По лестнице в спальню поднималась медленно, слушая, как скрипят ступени. Тяжелая стала, неповоротливая. Будто, на самом деле, в два раза больше, чем была.
– Все уехали?
– негромко спросила Аттия, сидя в кресле с вязанием.
– Да, матушка.
– Одни мы с тобой остались. Ну, ничего, нам не привыкать. Мужчины воюют, женщины ждут.
Аттия бормотала под нос древние истины, словно сказку на ночь рассказывала. Спицы блестели в тонких пальцах, а Куна смотрела на белую наволочку подушки. Цветок растворялся в ней, и только зеленый стебель рисовал его очертания.
– Откуда здесь первоцвет?
– Не знаю, девочка моя, - пожала плечами Аттия, - я пришла, а он лежит. Свежий, красивый. Только что сорвали.

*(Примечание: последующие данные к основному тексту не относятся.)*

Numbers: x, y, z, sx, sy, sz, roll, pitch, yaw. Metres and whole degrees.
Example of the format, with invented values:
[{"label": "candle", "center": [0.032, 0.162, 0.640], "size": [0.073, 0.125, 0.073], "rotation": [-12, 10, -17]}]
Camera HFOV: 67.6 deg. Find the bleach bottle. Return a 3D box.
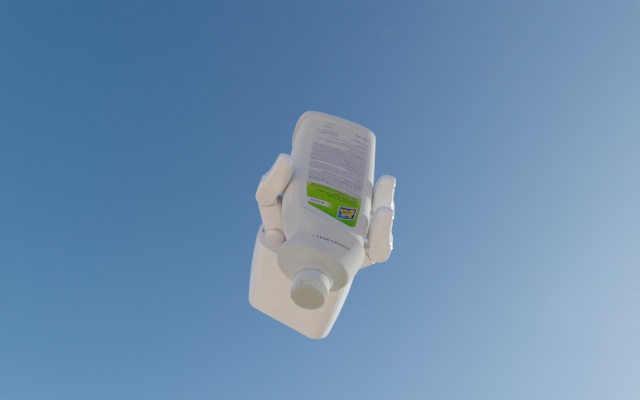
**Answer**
[{"label": "bleach bottle", "center": [0.000, 0.002, 0.485], "size": [0.102, 0.068, 0.250], "rotation": [16, 38, -2]}]
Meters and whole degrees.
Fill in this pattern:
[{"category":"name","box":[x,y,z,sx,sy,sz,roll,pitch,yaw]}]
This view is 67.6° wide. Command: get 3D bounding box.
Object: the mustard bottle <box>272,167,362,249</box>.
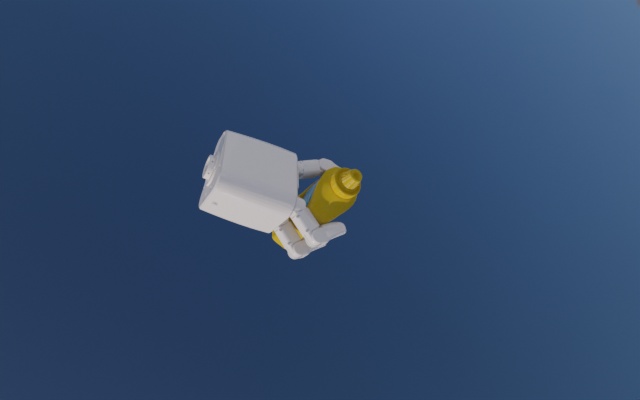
[{"category":"mustard bottle","box":[0.000,0.003,0.684,0.058,0.096,0.192,41,-36,-8]}]
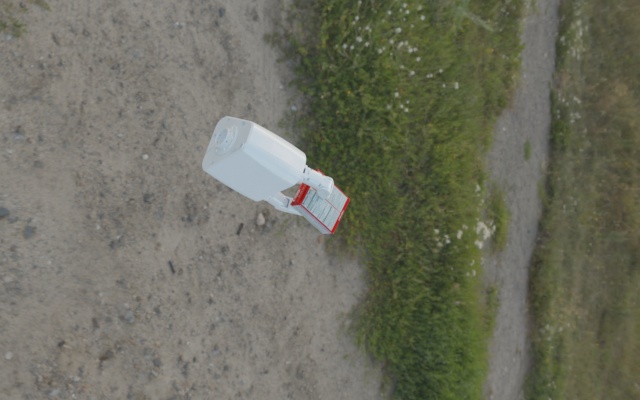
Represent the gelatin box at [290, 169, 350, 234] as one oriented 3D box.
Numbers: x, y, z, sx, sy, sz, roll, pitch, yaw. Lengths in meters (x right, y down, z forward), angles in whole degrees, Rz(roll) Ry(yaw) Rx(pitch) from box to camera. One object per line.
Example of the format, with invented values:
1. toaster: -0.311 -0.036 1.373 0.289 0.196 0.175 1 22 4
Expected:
1. gelatin box: 0.001 0.003 0.800 0.089 0.073 0.030 42 -29 -29
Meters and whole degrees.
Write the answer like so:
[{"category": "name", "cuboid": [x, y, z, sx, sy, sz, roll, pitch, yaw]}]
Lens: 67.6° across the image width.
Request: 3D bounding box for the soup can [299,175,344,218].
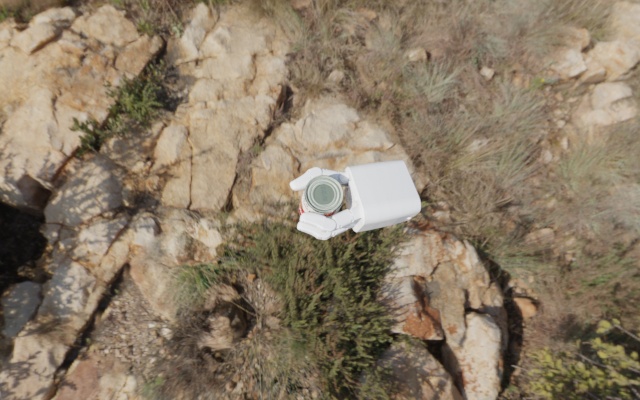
[{"category": "soup can", "cuboid": [0.000, 0.003, 0.831, 0.068, 0.068, 0.102, 0, -16, -8]}]
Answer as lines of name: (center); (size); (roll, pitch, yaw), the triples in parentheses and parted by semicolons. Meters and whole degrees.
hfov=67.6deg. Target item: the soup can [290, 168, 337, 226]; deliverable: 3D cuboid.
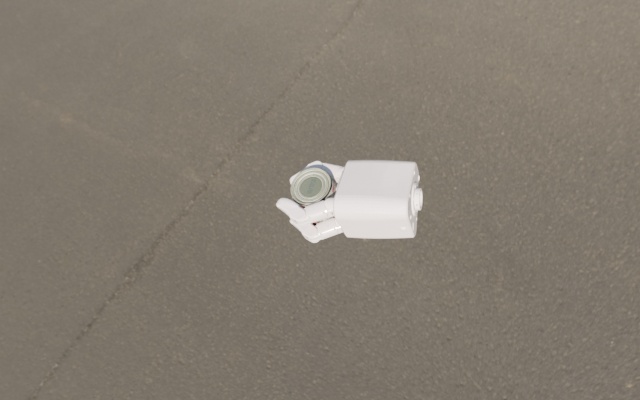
soup can: (0.000, 0.002, 0.757); (0.068, 0.068, 0.102); (0, -29, 20)
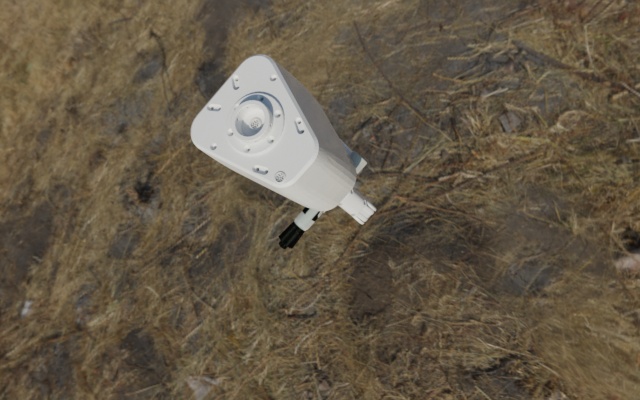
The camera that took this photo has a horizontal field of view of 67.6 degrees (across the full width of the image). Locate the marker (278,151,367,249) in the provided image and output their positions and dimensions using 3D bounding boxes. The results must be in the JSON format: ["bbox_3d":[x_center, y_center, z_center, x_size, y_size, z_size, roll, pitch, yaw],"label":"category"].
[{"bbox_3d":[0.000,0.002,0.479,0.020,0.121,0.020,41,5,-5],"label":"marker"}]
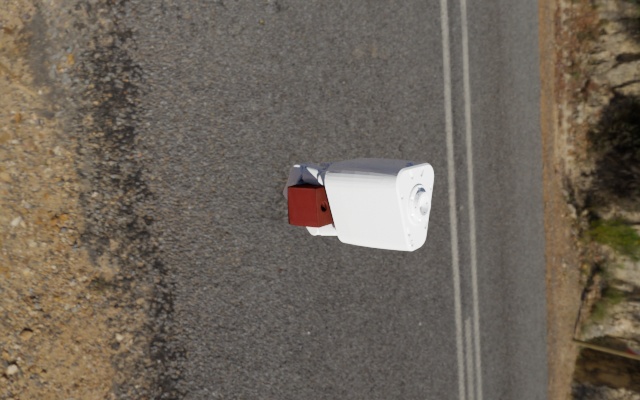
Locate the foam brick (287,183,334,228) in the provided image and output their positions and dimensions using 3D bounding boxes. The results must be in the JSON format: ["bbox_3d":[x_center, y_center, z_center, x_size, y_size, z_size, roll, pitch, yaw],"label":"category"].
[{"bbox_3d":[0.000,0.002,0.644,0.051,0.053,0.078,6,14,39],"label":"foam brick"}]
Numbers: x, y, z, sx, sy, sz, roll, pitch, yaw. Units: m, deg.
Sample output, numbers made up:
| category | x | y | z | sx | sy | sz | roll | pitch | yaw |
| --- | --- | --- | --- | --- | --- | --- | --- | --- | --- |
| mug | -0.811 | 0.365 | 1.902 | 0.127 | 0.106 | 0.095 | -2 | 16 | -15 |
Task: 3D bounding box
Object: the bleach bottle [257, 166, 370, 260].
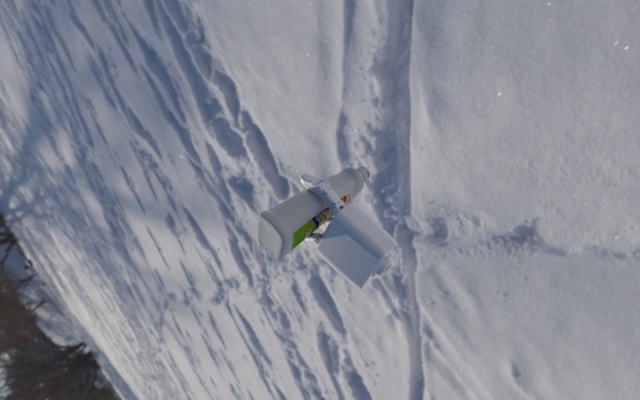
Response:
| category | x | y | z | sx | sy | sz | roll | pitch | yaw |
| --- | --- | --- | --- | --- | --- | --- | --- | --- | --- |
| bleach bottle | 0.000 | 0.003 | 0.866 | 0.250 | 0.068 | 0.103 | -36 | -22 | -30 |
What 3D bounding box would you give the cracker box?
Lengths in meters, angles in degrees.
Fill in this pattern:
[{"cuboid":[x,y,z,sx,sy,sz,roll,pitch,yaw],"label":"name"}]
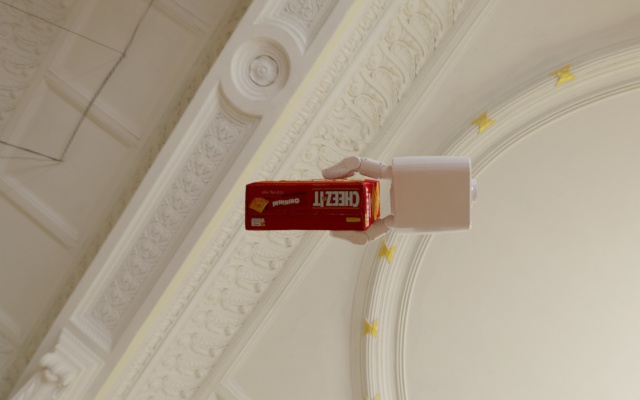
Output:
[{"cuboid":[0.000,0.003,0.720,0.164,0.072,0.213,-1,2,12],"label":"cracker box"}]
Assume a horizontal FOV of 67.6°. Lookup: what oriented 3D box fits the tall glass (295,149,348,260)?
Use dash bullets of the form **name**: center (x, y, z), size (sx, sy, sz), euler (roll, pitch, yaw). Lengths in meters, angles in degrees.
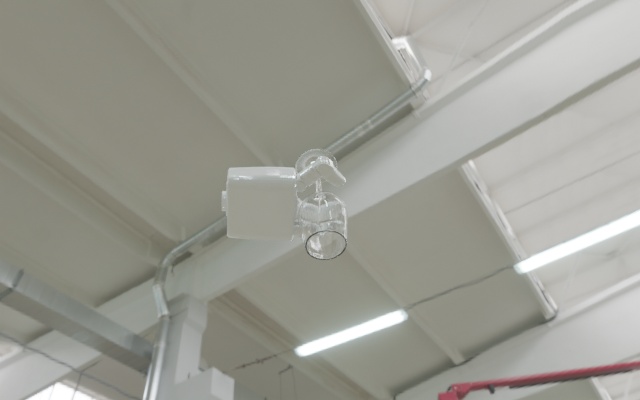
- **tall glass**: center (0.000, 0.002, 0.773), size (0.079, 0.079, 0.200), euler (0, 40, -6)
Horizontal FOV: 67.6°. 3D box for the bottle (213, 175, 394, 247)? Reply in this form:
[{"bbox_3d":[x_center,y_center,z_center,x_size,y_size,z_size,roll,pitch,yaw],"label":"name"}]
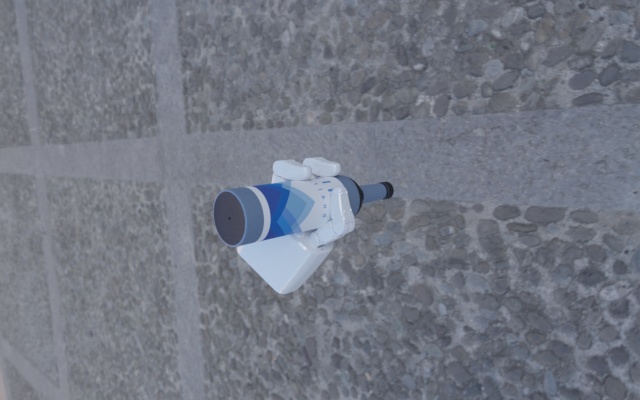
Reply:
[{"bbox_3d":[0.000,0.002,0.642,0.295,0.069,0.069,-10,7,-44],"label":"bottle"}]
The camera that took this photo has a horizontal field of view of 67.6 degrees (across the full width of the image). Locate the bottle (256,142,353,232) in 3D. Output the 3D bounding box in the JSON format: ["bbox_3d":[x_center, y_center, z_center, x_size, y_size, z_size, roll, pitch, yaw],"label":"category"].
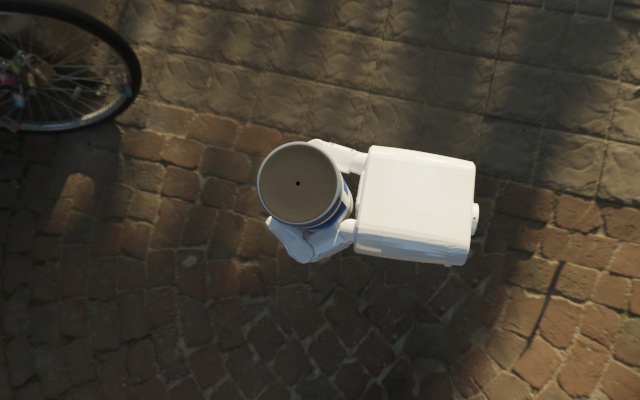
[{"bbox_3d":[0.000,0.002,0.515,0.069,0.069,0.296,0,-6,7],"label":"bottle"}]
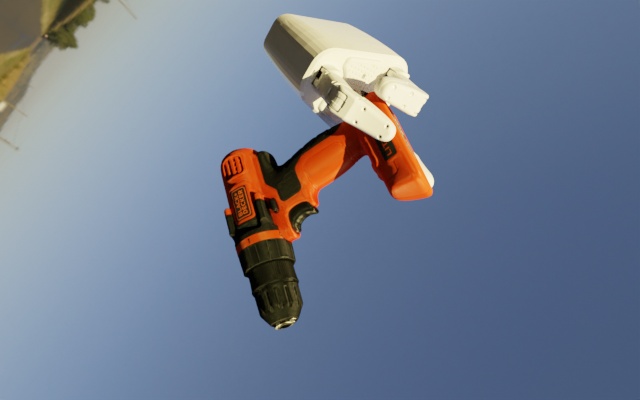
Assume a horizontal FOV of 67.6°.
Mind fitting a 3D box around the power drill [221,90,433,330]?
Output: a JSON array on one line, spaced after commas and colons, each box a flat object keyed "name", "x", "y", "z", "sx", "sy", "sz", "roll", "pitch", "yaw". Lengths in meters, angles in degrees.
[{"name": "power drill", "x": 0.000, "y": 0.001, "z": 0.434, "sx": 0.188, "sy": 0.184, "sz": 0.057, "roll": -27, "pitch": -25, "yaw": 15}]
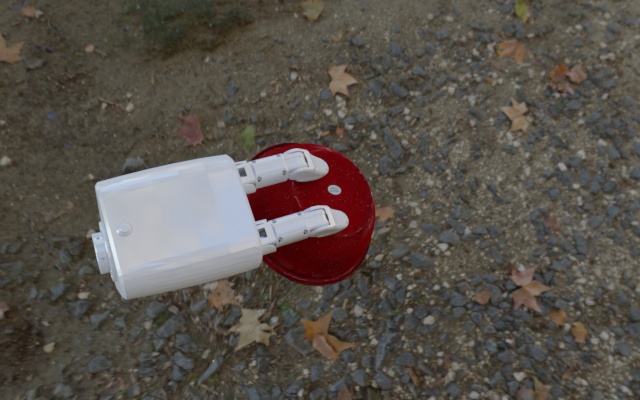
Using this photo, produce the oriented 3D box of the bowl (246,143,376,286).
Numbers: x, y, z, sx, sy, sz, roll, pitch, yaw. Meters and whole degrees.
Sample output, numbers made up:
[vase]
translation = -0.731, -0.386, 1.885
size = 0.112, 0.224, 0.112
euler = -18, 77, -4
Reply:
[bowl]
translation = 0.001, 0.001, 0.485
size = 0.162, 0.162, 0.055
euler = 0, -22, -33
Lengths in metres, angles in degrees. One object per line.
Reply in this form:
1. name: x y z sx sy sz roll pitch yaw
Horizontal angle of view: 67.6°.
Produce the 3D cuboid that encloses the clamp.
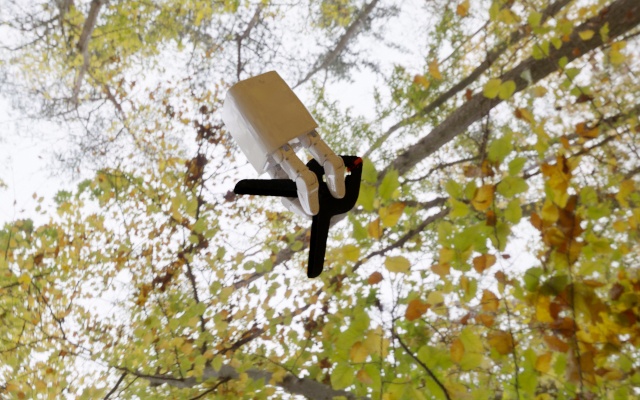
1. clamp: 0.000 0.002 0.687 0.210 0.164 0.036 -32 -5 -37
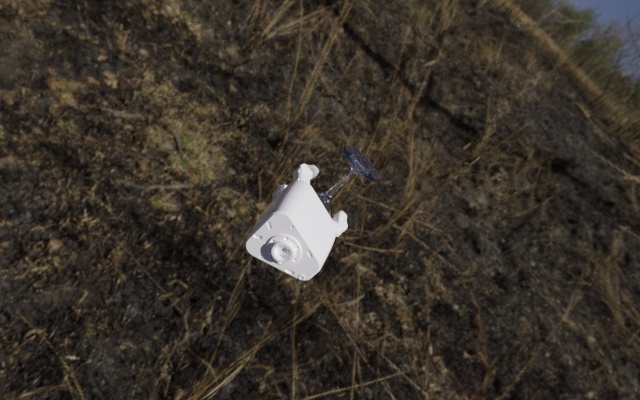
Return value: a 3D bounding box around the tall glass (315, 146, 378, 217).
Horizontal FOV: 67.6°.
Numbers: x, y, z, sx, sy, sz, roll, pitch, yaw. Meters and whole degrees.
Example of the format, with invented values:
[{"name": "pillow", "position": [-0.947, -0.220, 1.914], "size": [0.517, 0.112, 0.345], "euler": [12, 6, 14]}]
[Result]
[{"name": "tall glass", "position": [0.001, 0.002, 0.797], "size": [0.201, 0.079, 0.079], "euler": [-44, -23, 26]}]
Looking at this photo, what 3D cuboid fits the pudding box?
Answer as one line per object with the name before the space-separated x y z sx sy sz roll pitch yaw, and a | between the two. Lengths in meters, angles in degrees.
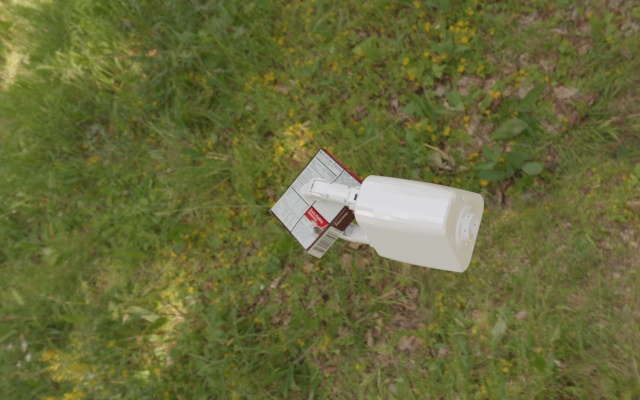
pudding box | 0.000 0.002 0.613 0.090 0.113 0.039 46 8 35
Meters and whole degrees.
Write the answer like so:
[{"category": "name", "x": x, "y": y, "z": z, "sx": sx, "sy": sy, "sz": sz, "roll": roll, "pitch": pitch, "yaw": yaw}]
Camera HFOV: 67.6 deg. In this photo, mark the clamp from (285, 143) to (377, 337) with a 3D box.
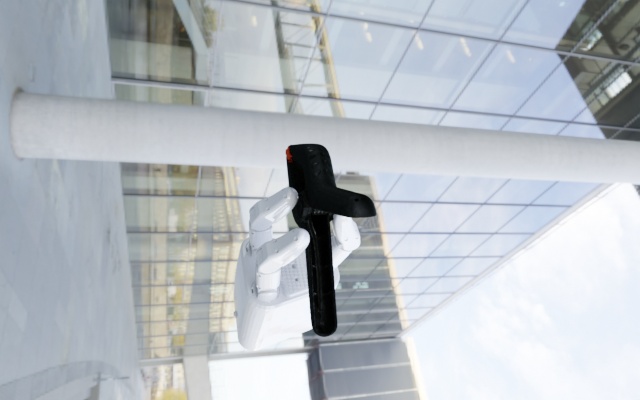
[{"category": "clamp", "x": 0.001, "y": 0.001, "z": 0.469, "sx": 0.036, "sy": 0.209, "sz": 0.165, "roll": 1, "pitch": -43, "yaw": -18}]
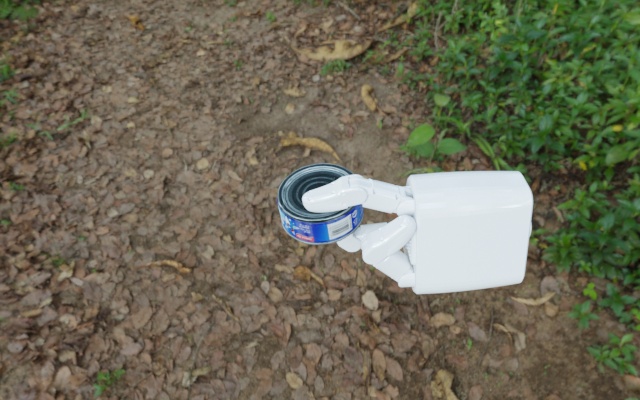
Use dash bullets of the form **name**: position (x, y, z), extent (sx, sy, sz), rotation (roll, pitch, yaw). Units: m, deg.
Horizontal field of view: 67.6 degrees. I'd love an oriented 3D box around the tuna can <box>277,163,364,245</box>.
- **tuna can**: position (0.000, 0.001, 0.478), extent (0.086, 0.034, 0.086), rotation (-5, 44, 5)
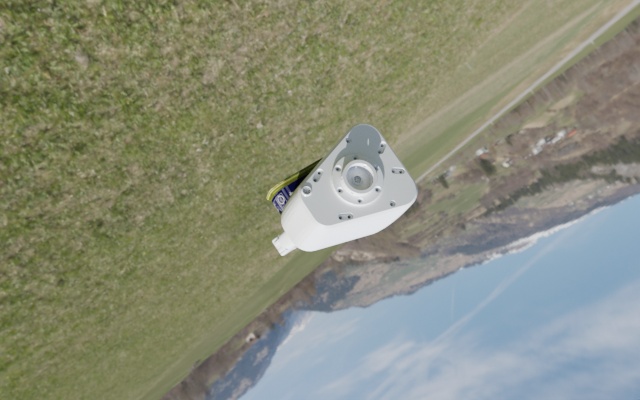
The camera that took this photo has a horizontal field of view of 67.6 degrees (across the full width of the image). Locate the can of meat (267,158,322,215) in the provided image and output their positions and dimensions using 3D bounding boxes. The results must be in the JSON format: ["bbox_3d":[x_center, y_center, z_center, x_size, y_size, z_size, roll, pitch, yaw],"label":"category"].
[{"bbox_3d":[0.000,0.002,0.584,0.102,0.084,0.057,-32,-7,-21],"label":"can of meat"}]

Куна села на кровать и осторожно потянулась к цветку. Прохладные лепестки ласкали пальцы, но аромат первоцвета она уловила только, когда поднесла к лицу. Дивный, ни на что не похожий. Маленькое чудо, а не подарок.
Боль от расставания с генералом отступала. Улыбка робко подрагивала на губах. Куна держала первоцвет, как сокровище, и не могла налюбоваться. Умел Наилий молча дарить радость.
– Жаль, уже не поблагодарю, - смущенно выдохнула Куна, - улетел мой мужчина и ничего не сказал.